On November 20, 2008, Michael Gant was murdered in the inner
core of Kansas City, Missouri. Aim4Peace staff members from the Community
Mediation Center (CMC) quickly told the neighborhood of a vigil scheduled the
following evening for the young man.
As a group of about twenty gathered that cold November night, a
young woman came without shoes or sweater and asked to join our circle of
prayer. Afterward she told us, “I miss Michael. He was my friend. He died in my
arms.”
We asked if she would like us to pray for her, as well. Don
Ivans, Kris Judd, and Marti Resch surrounded her, and Kris said a special prayer
of comfort. The woman returned to her home less broken. She touched our hearts.

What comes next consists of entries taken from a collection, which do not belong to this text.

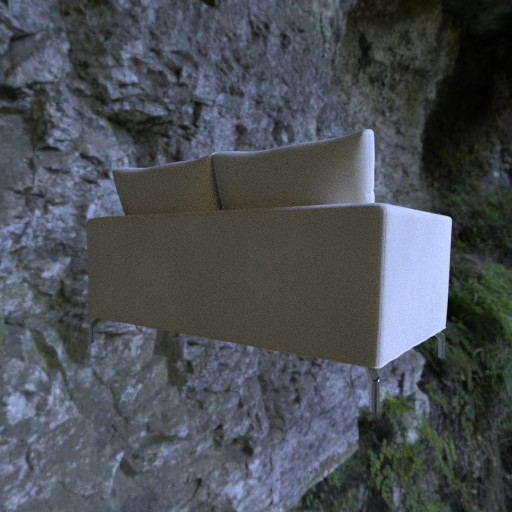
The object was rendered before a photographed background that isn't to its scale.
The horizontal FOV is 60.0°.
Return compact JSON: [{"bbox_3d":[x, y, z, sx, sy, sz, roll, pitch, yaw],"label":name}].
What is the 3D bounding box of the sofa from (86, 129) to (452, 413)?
[{"bbox_3d":[0.000,0.000,2.336,1.739,0.995,0.906,2,3,37],"label":"sofa"}]
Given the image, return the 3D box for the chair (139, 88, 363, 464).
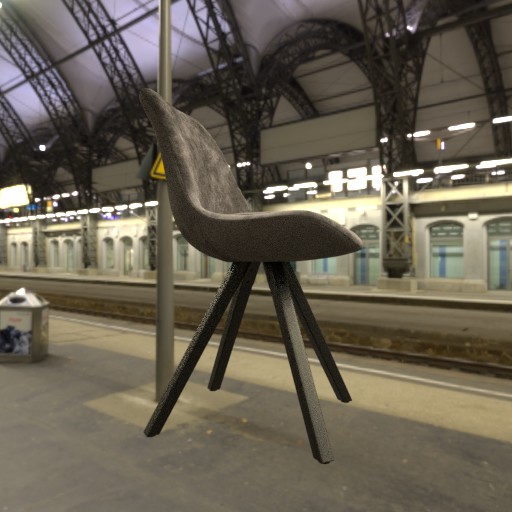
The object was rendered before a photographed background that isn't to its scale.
[{"bbox_3d":[0.000,0.000,1.170,0.550,0.850,0.485,0,0,17],"label":"chair"}]
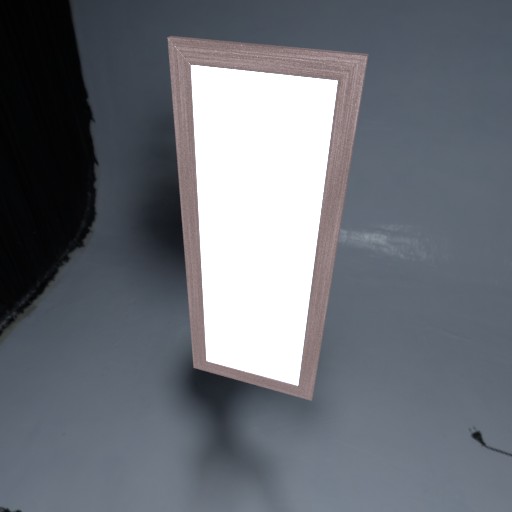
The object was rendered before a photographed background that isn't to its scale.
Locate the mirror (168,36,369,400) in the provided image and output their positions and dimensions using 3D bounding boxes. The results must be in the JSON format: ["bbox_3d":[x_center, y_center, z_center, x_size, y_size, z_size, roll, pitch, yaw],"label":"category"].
[{"bbox_3d":[0.000,0.000,2.323,0.812,2.020,0.221,12,42,13],"label":"mirror"}]
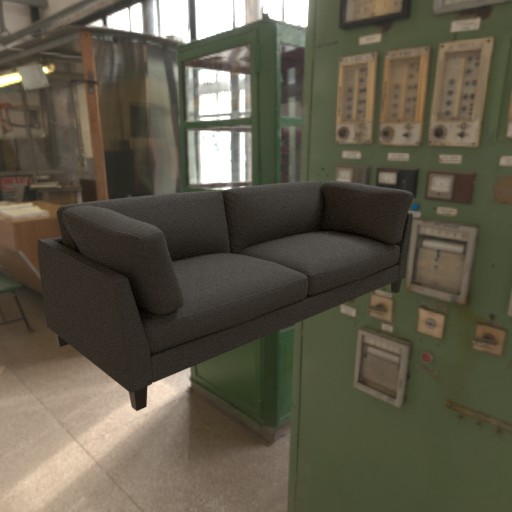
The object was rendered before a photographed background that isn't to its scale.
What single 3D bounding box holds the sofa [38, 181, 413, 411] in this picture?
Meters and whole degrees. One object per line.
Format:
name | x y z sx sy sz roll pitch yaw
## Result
sofa | 0.000 0.000 2.773 2.312 0.792 0.969 -14 20 -42
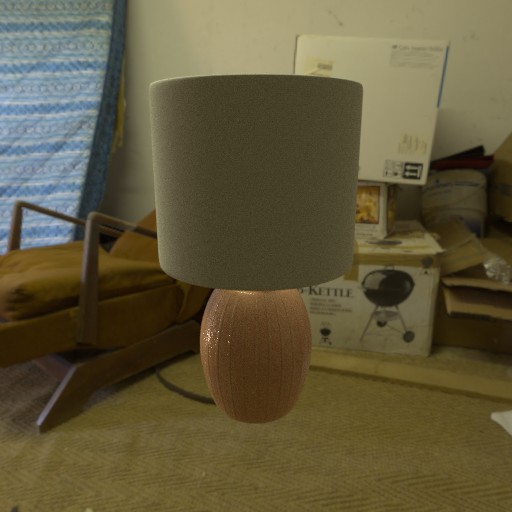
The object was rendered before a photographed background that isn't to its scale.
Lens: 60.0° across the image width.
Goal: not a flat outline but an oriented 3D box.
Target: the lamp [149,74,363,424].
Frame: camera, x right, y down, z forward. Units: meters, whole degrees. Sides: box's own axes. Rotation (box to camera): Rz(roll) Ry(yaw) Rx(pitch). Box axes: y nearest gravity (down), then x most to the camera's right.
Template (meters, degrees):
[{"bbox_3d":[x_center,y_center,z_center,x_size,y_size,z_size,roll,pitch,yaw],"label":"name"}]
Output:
[{"bbox_3d":[0.000,0.000,0.768,0.329,0.570,0.329,0,15,0],"label":"lamp"}]
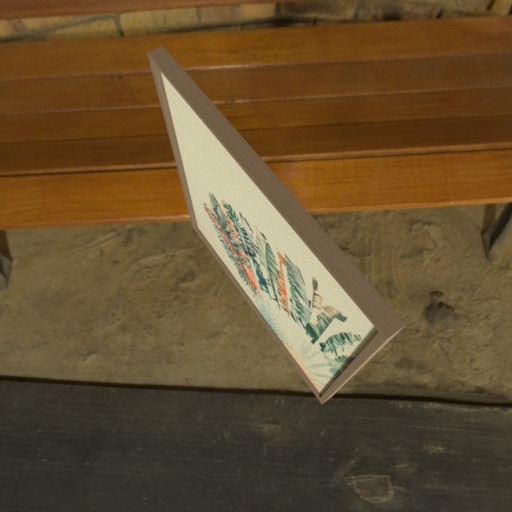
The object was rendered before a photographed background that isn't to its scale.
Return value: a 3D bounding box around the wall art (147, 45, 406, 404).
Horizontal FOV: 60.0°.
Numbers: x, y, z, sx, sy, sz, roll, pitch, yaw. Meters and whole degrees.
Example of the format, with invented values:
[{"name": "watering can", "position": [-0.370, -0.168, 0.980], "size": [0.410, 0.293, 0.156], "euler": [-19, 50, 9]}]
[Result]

Kansas City owns one of the highest homicide rates in the US.
Aim4Peace wants to reduce violence and create safer neighborhoods. The group
works to support people active in their community and to connect residents to
basic services.
CMC was selected to join Neighborhood Action Teams and was
paired with another agency, the Somali Foundation. The group was assigned to a
120-square-block neighborhood that includes Community of Christ’s Norton Heights
congregation.
We work to build an anti-violence culture, decrease social
problems that lead to violence, reduce community risk, and create healthier ways
for the community to resolve conflicts. The primary causes of homicides are
arguments, and a gap exists in skills to settle conflicts by means other than a
gun.
So we meet with drug dealers, prostitutes, gang members, the homeless. We meet
neighbors, families, teens without parents, tenants of rundown housing. We meet
the business owners to learn of their fears and hopes.

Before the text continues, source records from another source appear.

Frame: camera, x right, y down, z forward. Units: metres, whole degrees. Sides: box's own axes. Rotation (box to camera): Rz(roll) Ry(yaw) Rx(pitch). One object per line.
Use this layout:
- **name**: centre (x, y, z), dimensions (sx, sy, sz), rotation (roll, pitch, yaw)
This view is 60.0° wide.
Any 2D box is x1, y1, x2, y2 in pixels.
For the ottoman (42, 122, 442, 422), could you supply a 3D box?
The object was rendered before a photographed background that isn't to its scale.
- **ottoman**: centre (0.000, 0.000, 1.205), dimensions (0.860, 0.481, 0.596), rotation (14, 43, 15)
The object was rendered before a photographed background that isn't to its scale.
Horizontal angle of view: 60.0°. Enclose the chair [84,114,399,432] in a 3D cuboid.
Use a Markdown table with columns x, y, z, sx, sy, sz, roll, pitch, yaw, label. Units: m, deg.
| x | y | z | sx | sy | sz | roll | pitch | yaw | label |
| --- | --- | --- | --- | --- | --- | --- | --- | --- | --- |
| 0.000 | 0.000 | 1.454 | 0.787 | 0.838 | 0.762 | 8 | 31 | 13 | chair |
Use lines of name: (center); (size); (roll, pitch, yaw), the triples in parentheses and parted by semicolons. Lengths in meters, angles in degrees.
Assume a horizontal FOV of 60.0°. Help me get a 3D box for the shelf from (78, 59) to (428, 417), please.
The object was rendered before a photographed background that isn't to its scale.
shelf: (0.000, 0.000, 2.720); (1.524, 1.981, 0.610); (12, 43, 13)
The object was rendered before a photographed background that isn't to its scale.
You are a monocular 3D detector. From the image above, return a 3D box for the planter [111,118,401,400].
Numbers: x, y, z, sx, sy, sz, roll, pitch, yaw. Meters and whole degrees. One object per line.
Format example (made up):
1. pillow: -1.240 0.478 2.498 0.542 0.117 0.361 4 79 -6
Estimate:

We quickly realized that our team needed to be larger. CMC went
to the Tangible Love Fund for a grant to help employ two young adults to work
with teens. Scott Blair and Nikki Anderson are reaching the lives of young
people, They tutor at-risk teens, help with the Norton Heights youth group, hold
neighborhood cleanups, and aid community recreational events.
CMC’s program leaders are Ivans and Resch, incredible ministers
with years of experience. Resch sees Aim4Peace as an extension of caring for
people right where they are, giving voice to those who have no voice. Ivans
learned from exposure to gang members that “We all just want to be loved.”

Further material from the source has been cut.